Most people’s systems are not that special that they absolutely need to do this, but it feeds one’s ego to imagine that it is. And, as I said, it feels more painful, but it’s actually easier to do this – i.e. being a hardass about new versions – than to do the legitimately hard job of integrating software and having good test coverage. It feeds the ego and feels useful and hard, but it’s actually easy; it’s no wonder it’s so very, very easy to fall into this trap. And once you’ve fallen in by lagging behind in this way, it’s even harder to climb out of it, since that would mean upgrading everything even faster to catch up. If you’re mostly up to date, you can afford to allow a single dependency to lag behind for a while to avoid some specific problem. But if you’re using all old unsupported stuff and there’s a critical security bug with no patch for your version, since the design was inherently buggy, you’re utterly hosed. You have no safety margin.
This is the danger of living on the edge of EoL, as you called it. Once you are forced to update a packages, usually with short notice at the most inconvenient time ever due to some zero-day vulnerability found in one of your depdendencies. Then the new version no longer supports another old version it has a subdependency to, which you also pinned, so you have to update the subdependency also. And to upgrade that package you have to update yet another subdependency, and so on.
Suddenly a small security-patch forces you to essentially replace your whole stack. If your test flags any error you have no idea which of the updated subpackages that caused it, because you have replaced all of them. Eventually you accumulate so much tech debt that it's tempting to cherry-pick the security patches into your packages instead of updating them to mainline, sucking you even deeper down the tech debt trap.

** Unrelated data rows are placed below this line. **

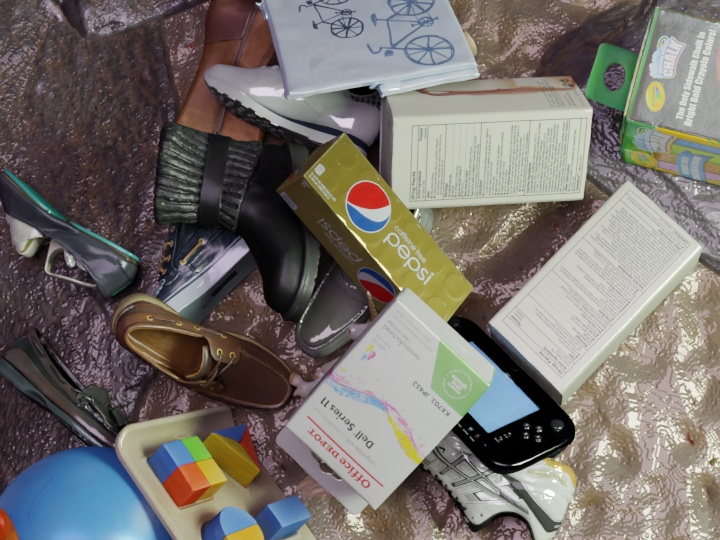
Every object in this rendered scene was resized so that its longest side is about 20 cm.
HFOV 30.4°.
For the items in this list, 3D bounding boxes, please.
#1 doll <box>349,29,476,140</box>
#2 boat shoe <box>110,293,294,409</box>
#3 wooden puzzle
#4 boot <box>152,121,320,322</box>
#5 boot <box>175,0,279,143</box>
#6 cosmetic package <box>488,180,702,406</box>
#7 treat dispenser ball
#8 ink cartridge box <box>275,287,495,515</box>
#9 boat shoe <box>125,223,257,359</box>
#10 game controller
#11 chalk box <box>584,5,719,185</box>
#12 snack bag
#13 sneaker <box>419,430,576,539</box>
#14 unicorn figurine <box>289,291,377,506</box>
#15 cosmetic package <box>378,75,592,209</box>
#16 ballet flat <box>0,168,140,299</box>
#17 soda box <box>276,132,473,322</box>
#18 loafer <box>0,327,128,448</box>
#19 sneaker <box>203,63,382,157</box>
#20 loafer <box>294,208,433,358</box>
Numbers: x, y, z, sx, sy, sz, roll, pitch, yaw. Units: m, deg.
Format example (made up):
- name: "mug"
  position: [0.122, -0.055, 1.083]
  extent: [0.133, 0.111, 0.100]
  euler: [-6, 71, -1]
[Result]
- name: "doll"
  position: [0.029, -0.195, 1.404]
  extent: [0.199, 0.048, 0.137]
  euler: [-36, 94, -1]
- name: "boat shoe"
  position: [-0.154, 0.092, 1.306]
  extent: [0.198, 0.068, 0.073]
  euler: [27, 99, -18]
- name: "wooden puzzle"
  position: [-0.119, 0.216, 1.246]
  extent: [0.046, 0.185, 0.201]
  euler: [-41, 73, 23]
- name: "boot"
  position: [-0.128, -0.048, 1.305]
  extent: [0.156, 0.080, 0.213]
  euler: [6, 53, -19]
- name: "boot"
  position: [-0.093, -0.209, 1.423]
  extent: [0.186, 0.068, 0.203]
  euler: [14, 83, 0]
- name: "cosmetic package"
  position: [0.230, 0.023, 1.301]
  extent: [0.200, 0.073, 0.104]
  euler: [-44, 73, -4]
- name: "treat dispenser ball"
  position: [-0.255, 0.268, 1.242]
  extent: [0.198, 0.201, 0.204]
  euler: [-2, 74, 8]
- name: "ink cartridge box"
  position: [0.015, 0.130, 1.202]
  extent: [0.117, 0.067, 0.200]
  euler: [41, 104, 1]
- name: "boat shoe"
  position: [-0.184, -0.001, 1.379]
  extent: [0.200, 0.071, 0.091]
  euler: [-42, 72, -12]
- name: "game controller"
  position: [0.113, 0.116, 1.266]
  extent: [0.103, 0.043, 0.200]
  euler: [-12, 40, -32]
- name: "chalk box"
  position: [0.326, -0.171, 1.315]
  extent: [0.197, 0.124, 0.126]
  euler: [16, 79, 14]
- name: "snack bag"
  position: [0.004, -0.235, 1.333]
  extent: [0.197, 0.022, 0.190]
  euler: [-11, 45, -6]
- name: "sneaker"
  position: [0.103, 0.202, 1.270]
  extent: [0.197, 0.076, 0.089]
  euler: [16, 82, 16]
- name: "unicorn figurine"
  position: [-0.012, 0.124, 1.289]
  extent: [0.136, 0.073, 0.203]
  euler: [-7, 89, 40]
- name: "cosmetic package"
  position: [0.120, -0.128, 1.311]
  extent: [0.197, 0.105, 0.088]
  euler: [-2, 31, -8]
- name: "ballet flat"
  position: [-0.327, -0.034, 1.408]
  extent: [0.199, 0.073, 0.073]
  euler: [33, 82, 14]
- name: "soda box"
  position: [0.015, -0.029, 1.270]
  extent: [0.200, 0.064, 0.068]
  euler: [50, 61, -13]
- name: "loafer"
  position: [-0.291, 0.130, 1.357]
  extent: [0.199, 0.072, 0.063]
  euler: [33, 76, 18]
- name: "sneaker"
  position: [-0.068, -0.179, 1.368]
  extent: [0.198, 0.076, 0.081]
  euler: [23, 86, 12]
- name: "loafer"
  position: [0.000, 0.000, 1.345]
  extent: [0.070, 0.070, 0.201]
  euler: [34, 82, 16]

Integrating often means each integration is smaller, less risky and easier to pinpoint why the failure happens. Of course this assumes you have good automatic test coverage, which i assume you do if the systems are as life-critical as parent claim them to be.
There's also a big difference between embedded and connected systems here. Embedded SW usually get flashed once and then just do whatever they are supposed to do. Such SW really is "done", there is no need to maintain it or it's dependencies because it's not connected to the internet so zero-days or other vulnerabilities are not really a thing.